La couronne de beauté que le hasard avait partagée, Aubry en avait réuni les deux tronçons dans ses mains.

Et avec quelle ardeur !

Il n’avait pas pris la guirlande du Maudit à Jeannine, il la lui avait arrachée !

Les deux jeunes filles chevauchaient l’une à côté de l’autre.

Mme Reine avait appelé Aubry auprès d’elle. Mme Reine, en effet, avait compris autrement que Berthe l’indignation d’Aubry ; elle ne voulait plus le laisser entre Berthe et Jeannine. Elle devinait qu’Aubry avait reporté à Berthe l’hommage du Maudit tout entier, parce que l’hommage ne le blessait qu’en s’adressant à Jeannine.

Cela voulait dire : « Ne touchez pas à Jeannine ! »

Quant à Berthe, messire Aubry ne s’opposait point à ce qu’on lui décernât des couronnes.

Sur la route de Pontorson à Dol, il est un site sauvage, un ravin profond et boisé où passe un ruisseau caché sous les glaïeuls. Au creux même du ravin, une croix de pierre mutilée se dressait. On accusait l’Ogre des Iles d’avoir commis là un sacrilège, une nuit qu’il enlevait des petits enfants de Baguer. Ce lieu avait dès longtemps mauvaise renommée. La route y tournait pour gravir la montée et se diriger vers Dol ; sur la droite un bois de haute futaie s’étendait.
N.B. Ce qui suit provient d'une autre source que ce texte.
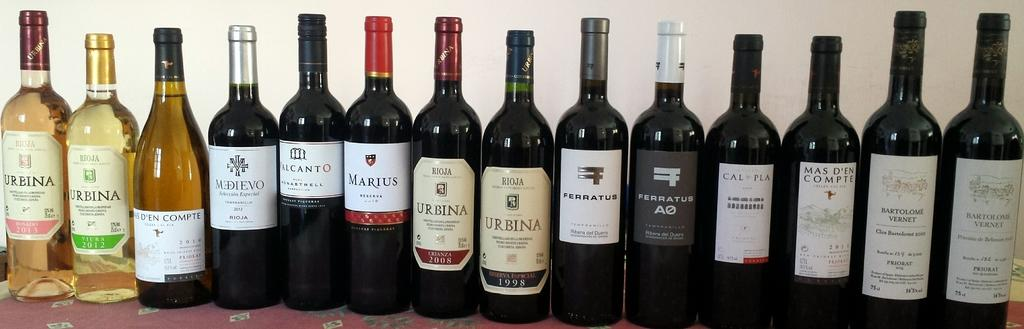<image>
Share a concise interpretation of the image provided. Two bottles of Urbina wine sit among other bottles in a row. 
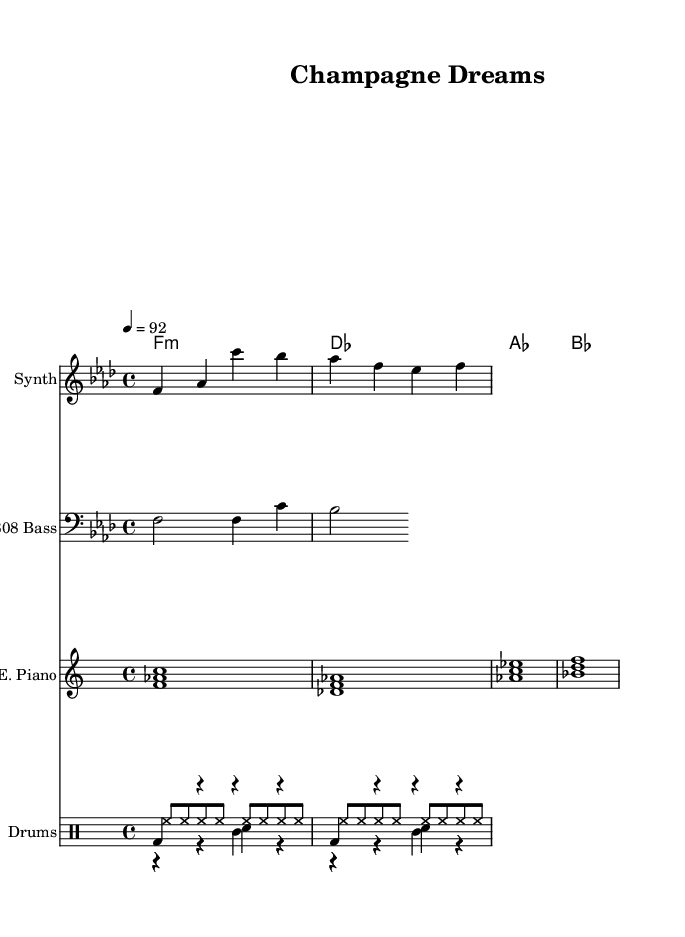What is the key signature of this music? The key signature is F minor, which consists of four flats (B♭, E♭, A♭, and D♭). This can be determined by looking at the opening of the sheet music, where it shows the key signature and indicates F minor.
Answer: F minor What is the time signature of this music? The time signature is 4/4, which means there are four beats in each measure and the quarter note gets one beat. This is indicated at the beginning of the score right after the key signature.
Answer: 4/4 What is the tempo marking for this piece? The tempo marking is 92, which indicates that the music should be played at 92 beats per minute. This can be identified from the tempo indication at the start of the score.
Answer: 92 What are the chord names used in this piece? The chord names listed are F minor, D♭ major, A♭ major, and B♭ major. These chords appear in the chord symbols section of the sheet music, specifically in the chord names line.
Answer: F minor, D♭, A♭, B♭ What type of bassline is utilized in the composition? The bassline is derived from an 808 sound, typically used in hip hop music for its deep and resonant qualities. This can be concluded from the instrument name indicated in the staff labeled "808 Bass."
Answer: 808 What rhythmic pattern is predominant in the drum section? The predominant rhythmic pattern in the drum section features a kick drum on the downbeats and a snare drum on the backbeats, typical of hip hop grooves. This can be analyzed by observing the notation for the kick and snare in their respective measures.
Answer: Kick on downbeats, snare on backbeats How does the melody relate to the overall theme of luxury? The melody incorporates smooth and flowing lines while aligning with high-end themes, often associated with luxury and affluence in hip hop. This can be seen in the melodious phrases and sophisticated chord structures that are synonymous with luxury lifestyle rap.
Answer: Smooth and flowing melodic lines

La nuit commençait à tomber quand l’escorte arriva en vue de la croix brisée. Mme Reine marchait en tête avec Aubry. Entre lui et Jeannine, il y avait la maison de la douairière et les hommes d’armes de Kergariou.

Au moment où Mme Reine et son fils commençaient à gravir la montée après avoir dépassé la croix, ils entendirent des cris sur les derrières. Aubry crut reconnaître la voix de Jeannine ; il s’élança. Au pied même de la croix, les deux hommes d’armes de Maurever qui formaient l’arrière-garde de l’escorte, étaient couchés morts. Jeannine et Berthe avaient disparu.